WHAT THE TASK REQUIRES: Copying rule for the data below: take the line containing "Where should I" and every line after it to the end, exactly, and drop all pictures.

(Records excerpted from a collection)
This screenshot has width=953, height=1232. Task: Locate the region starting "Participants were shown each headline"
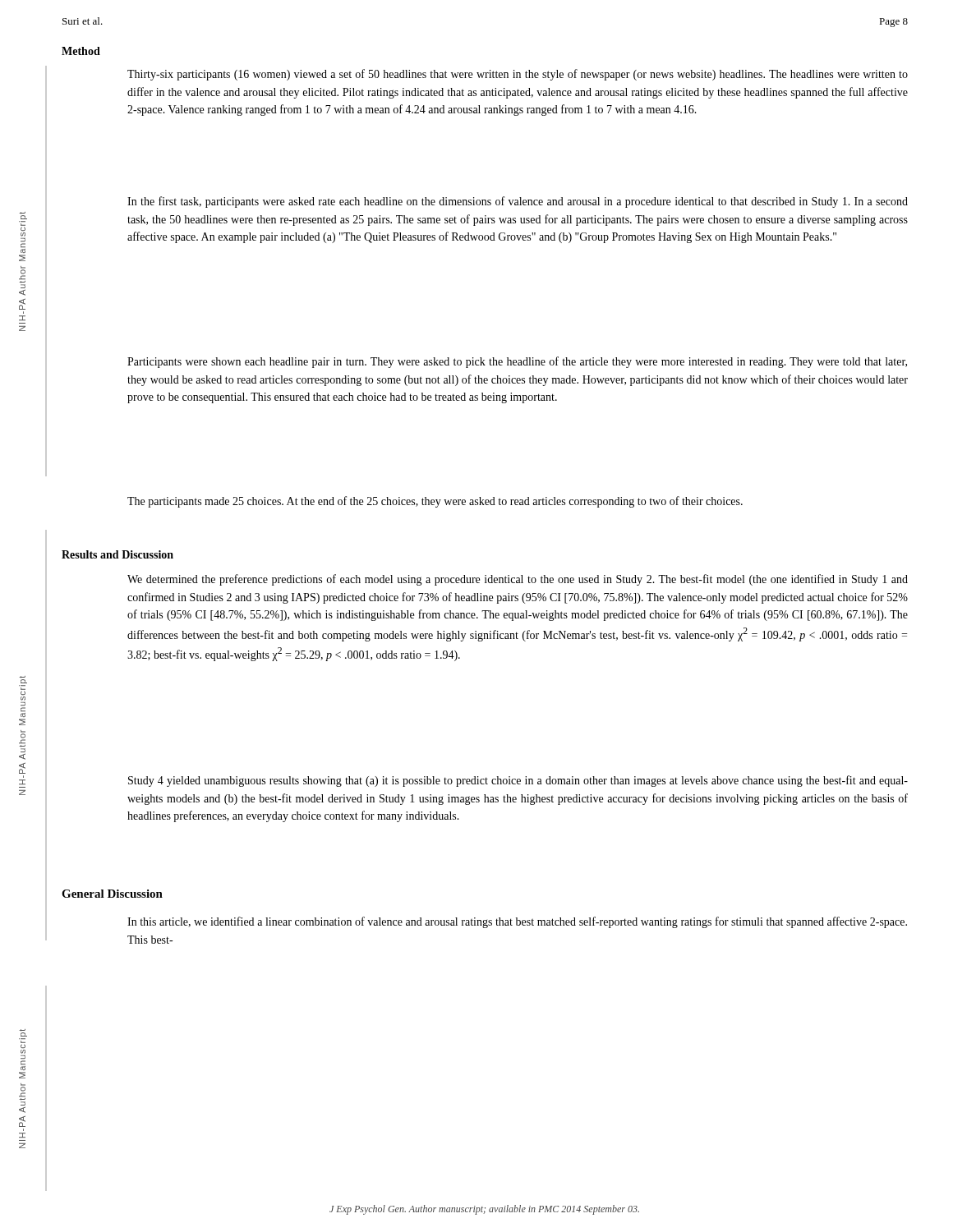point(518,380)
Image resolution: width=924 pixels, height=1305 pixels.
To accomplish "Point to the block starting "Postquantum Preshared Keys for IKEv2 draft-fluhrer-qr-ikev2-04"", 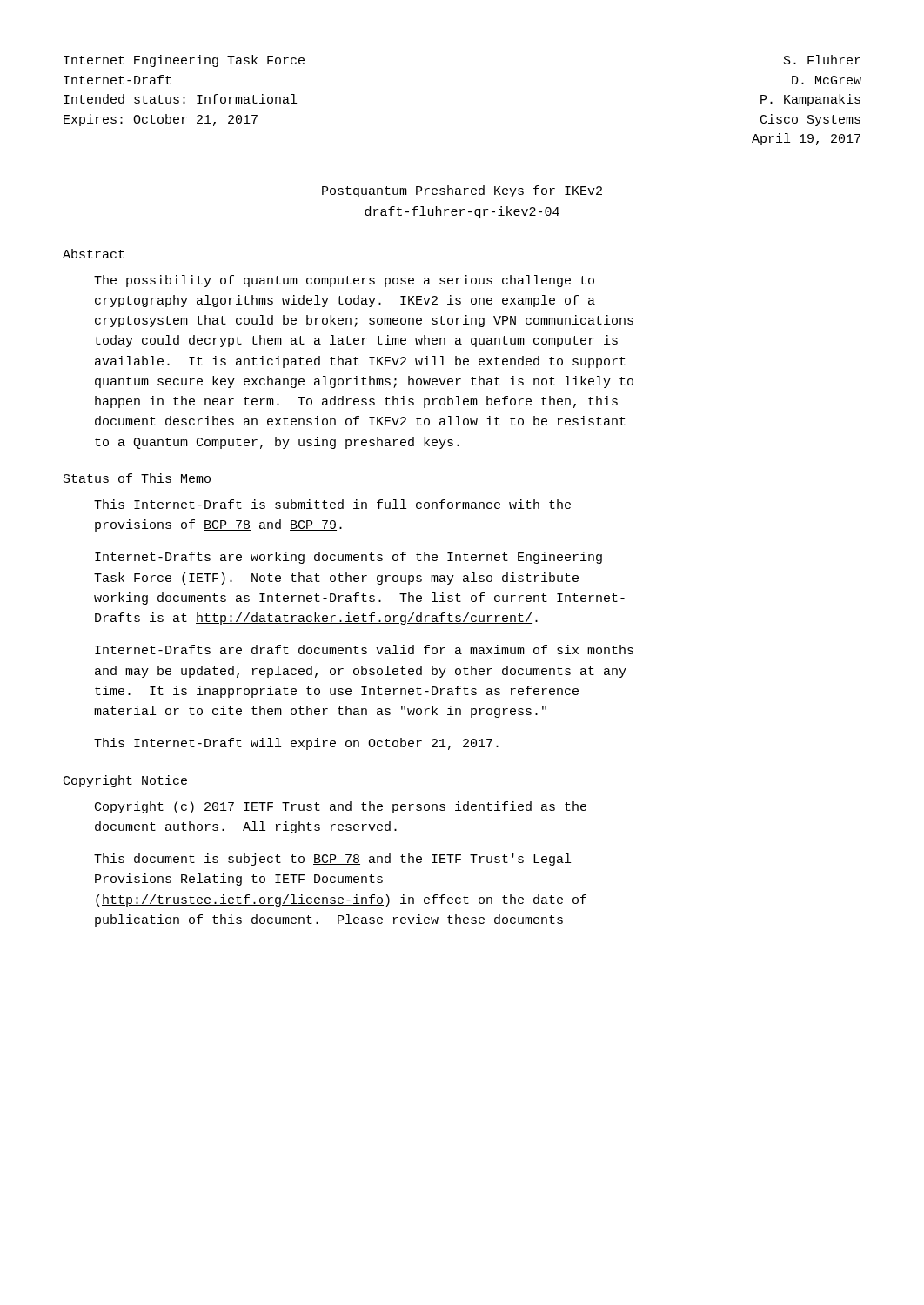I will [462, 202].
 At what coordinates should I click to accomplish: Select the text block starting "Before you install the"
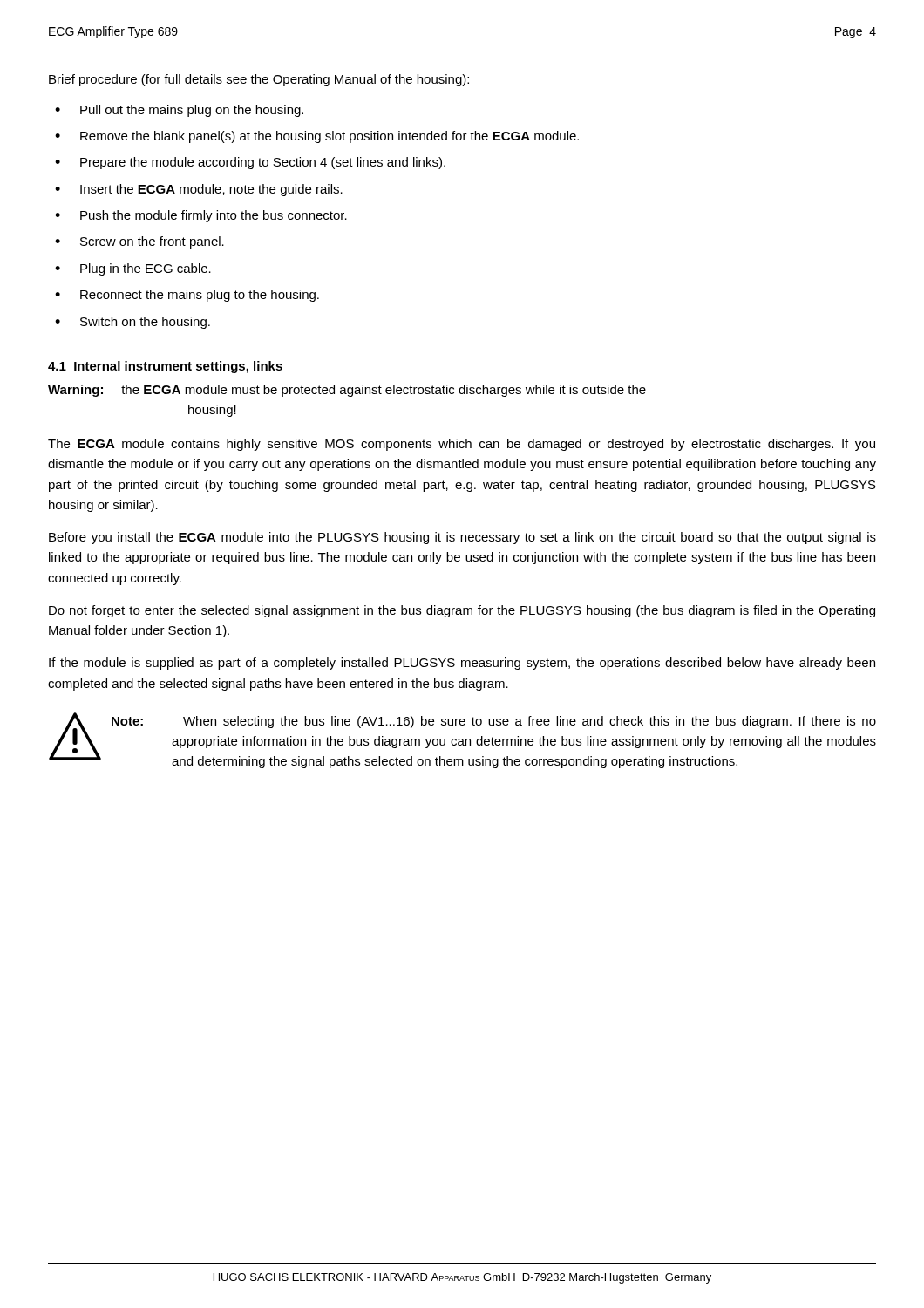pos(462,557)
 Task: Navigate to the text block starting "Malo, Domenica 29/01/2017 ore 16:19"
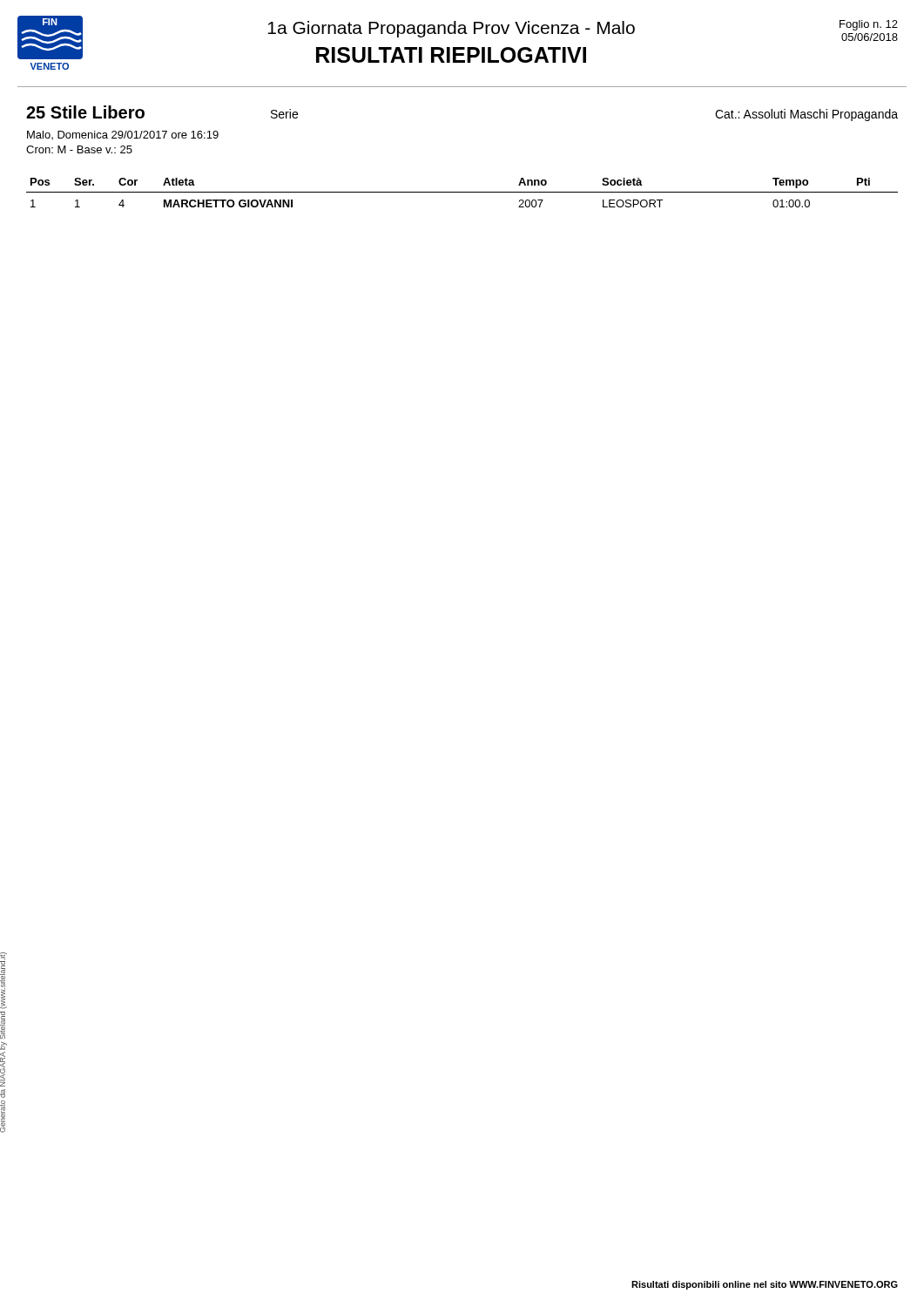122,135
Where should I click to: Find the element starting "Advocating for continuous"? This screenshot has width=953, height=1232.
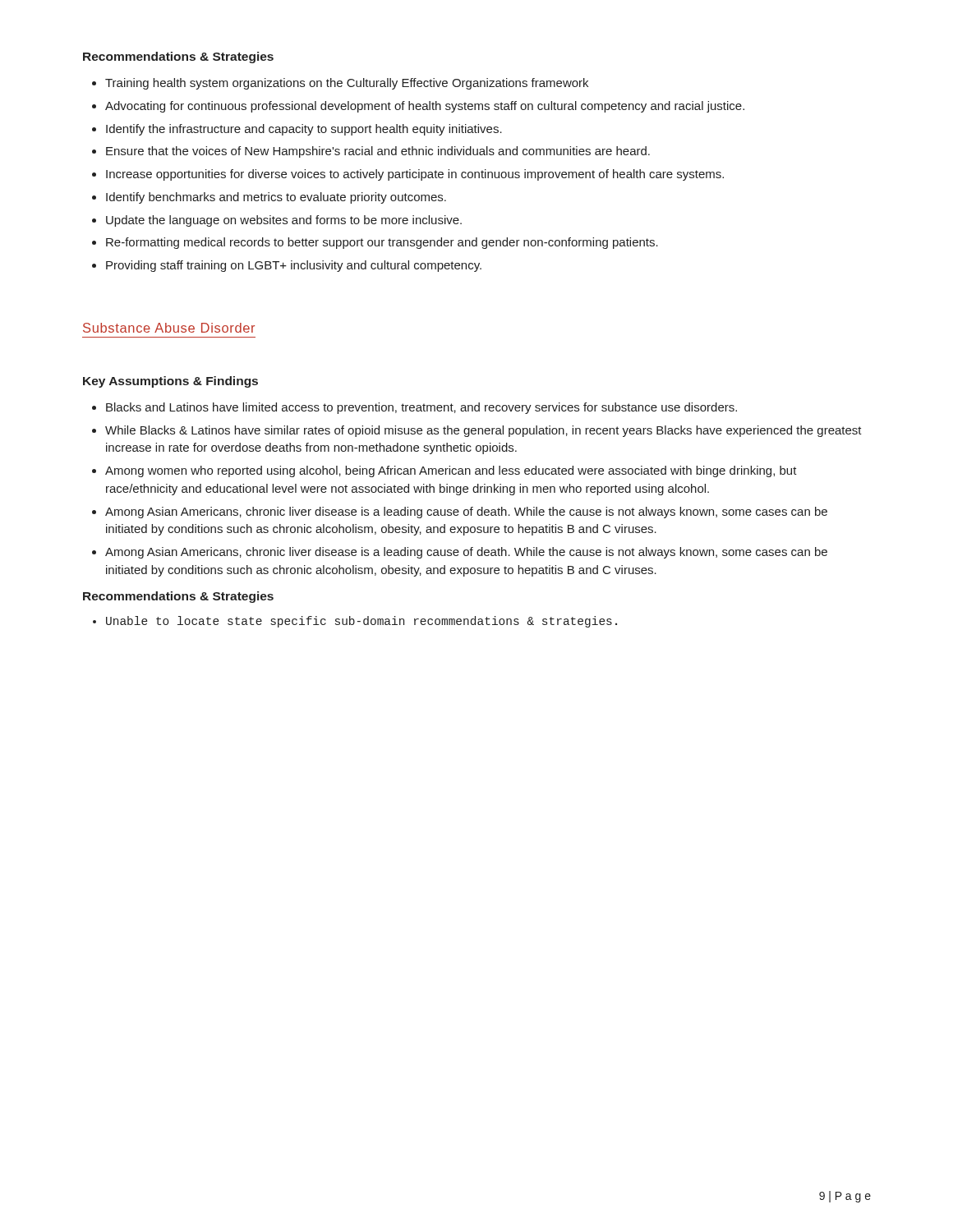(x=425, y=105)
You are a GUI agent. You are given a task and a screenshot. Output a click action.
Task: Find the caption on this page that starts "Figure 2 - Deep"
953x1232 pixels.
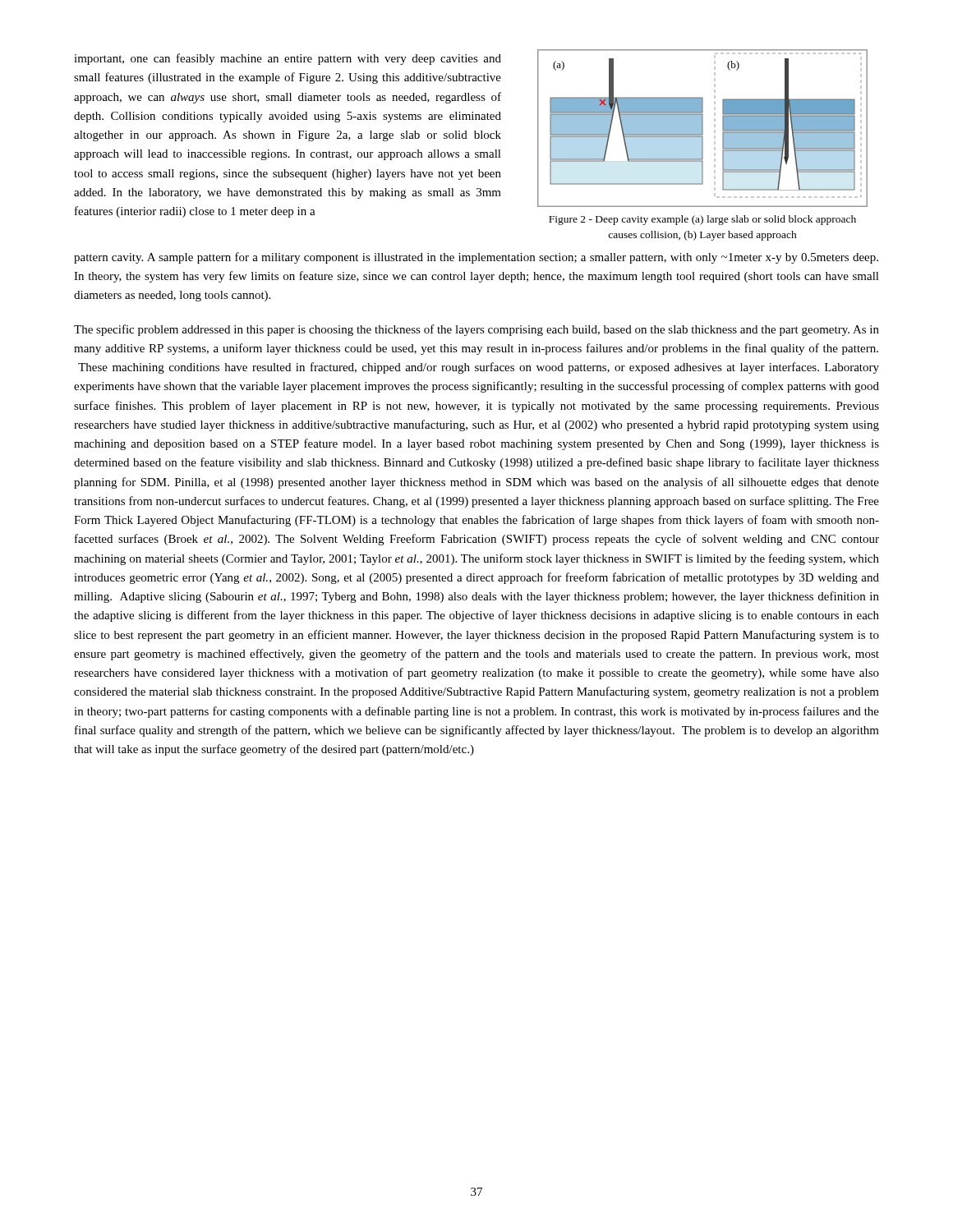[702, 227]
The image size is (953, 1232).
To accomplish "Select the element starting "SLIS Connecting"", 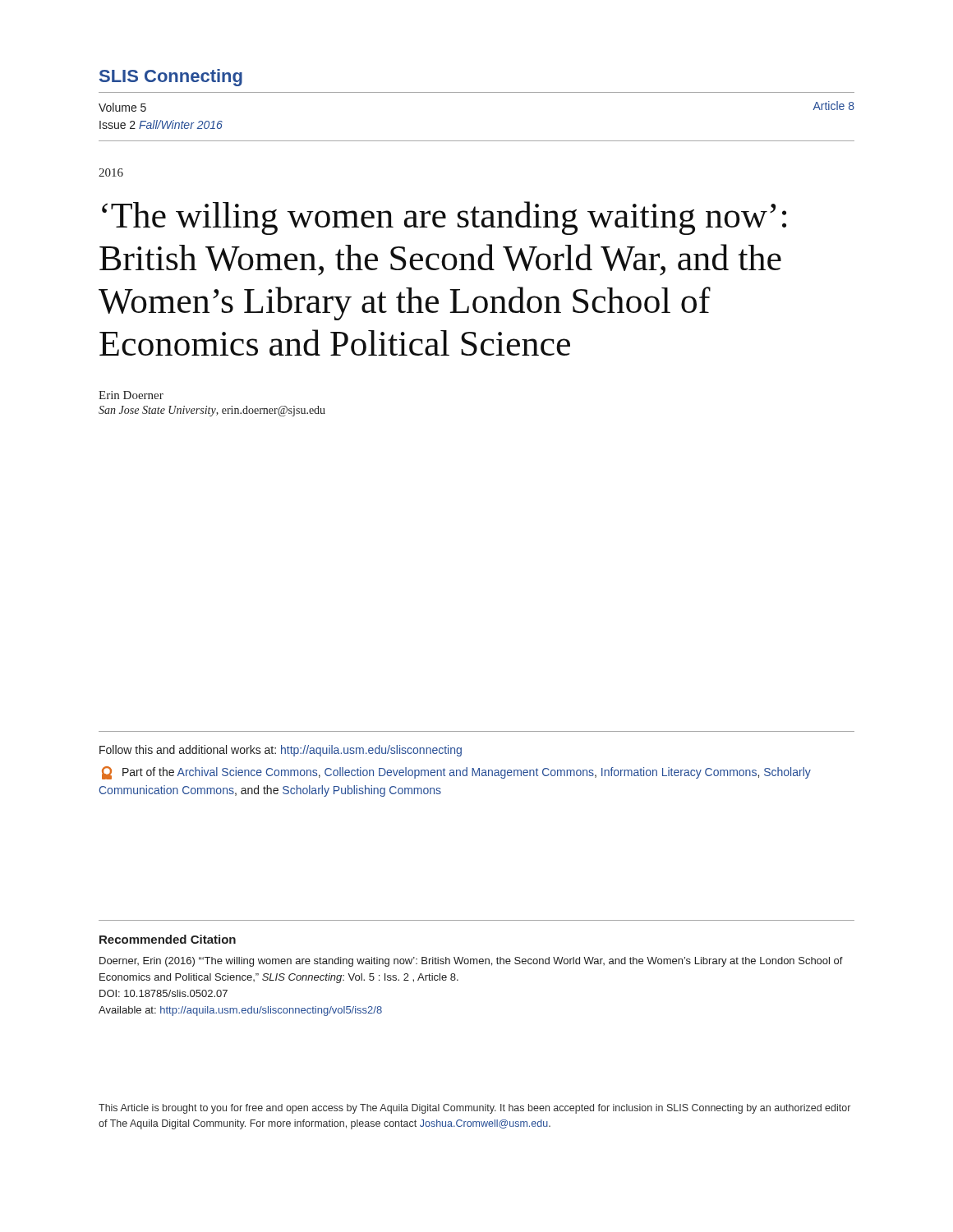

ANSWER AREA:
Where should I click to: Find the element starting "Advocating for continuous"? This screenshot has width=953, height=1232.
(x=425, y=105)
You are a GUI agent. You are given a task and a screenshot. Output a click action.
Task: Find the caption on this page that starts "Figure 2 - Deep"
953x1232 pixels.
[702, 227]
The image size is (953, 1232).
To accomplish "Select the element starting "SLIS Connecting"", 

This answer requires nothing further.